Presenter: Liz Guthridge, Coach, confidante & consultant for leaders in new roles who want to hit the ground running & excel
Traditional approaches to change management are losing their effectiveness in today’s change weary organizations. Fearful, frazzled and fatigued employees don’t want to pay attention to change experts—or any other experts for that matter. Instead, employees prefer listening to and watching their peers, and adopting actions that work.
To improve their effectiveness and accelerate change throughout their organizations, change management professionals need to be more and do less. Rather than act as authorities, they need to position themselves as peers serving as trusted advisors. This is change through connections, collaboration, and communication, not coercion.
In this webinar, Liz Guthridge will explain how changes in technology, demographics, and global economics plus advancements in neuroscience are influencing how individuals are reacting to organizational change. Based on her extensive experiences with Fortune 1000 companies as well as nonprofit organizations that count on an army of volunteers, she will describe how organization leaders need to adapt their change techniques to be more relevant and effective in today’s times. By viewing yourself as a coach, curator, and educator, you can increase your impact as a change leader.

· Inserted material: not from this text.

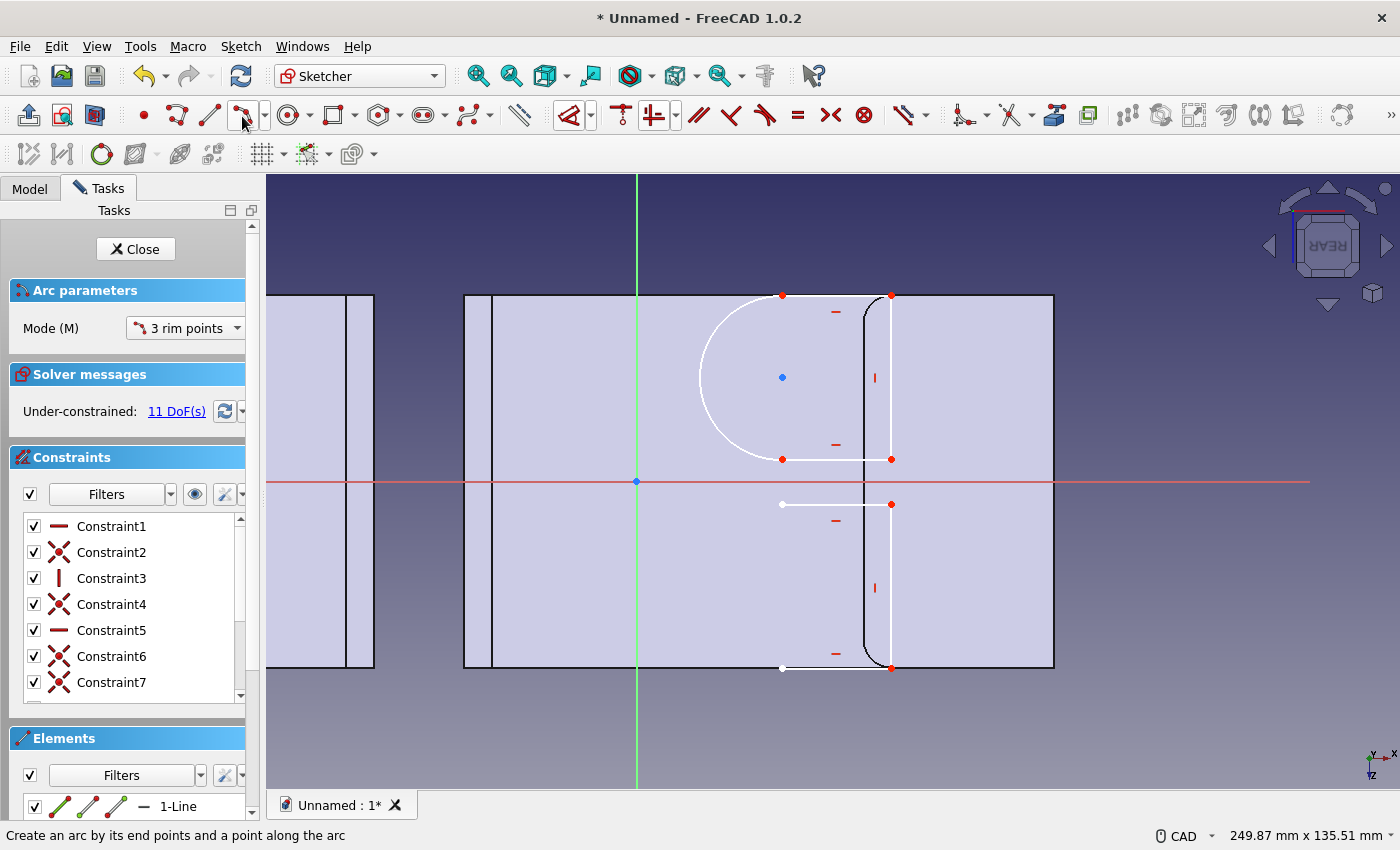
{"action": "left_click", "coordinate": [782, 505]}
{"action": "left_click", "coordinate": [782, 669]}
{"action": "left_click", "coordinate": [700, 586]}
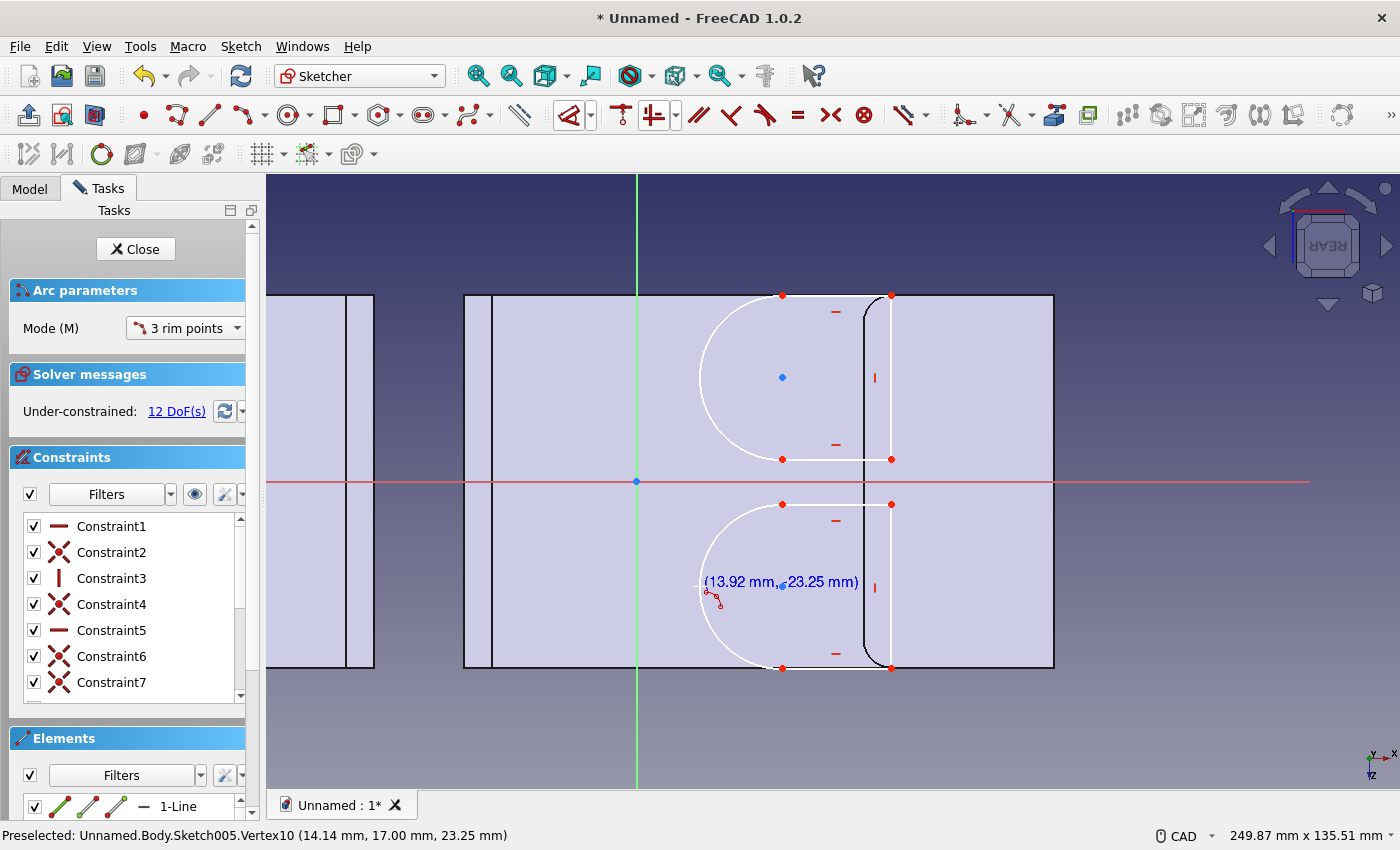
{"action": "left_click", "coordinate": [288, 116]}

•How to connect with colleagues and put yourself in their shoes to be a more effective change coach and educator.
•How to replace complicated change methodologies with simple memorable processes that resonate with people. For example, learn how to use this 4-step message planning tool: What?, So what?, Now what?, and What next?
•How to curate instead of create to cut through clutter and build credibility
•How to position change in a more genuinely positive way to make it more brain friendly, which will accelerate adoption.
•How to leverage peers and networks to adopt change that sticks
Leaders, managers, team leaders, change agents, HR professionals, OD practitioners, and training & development staff.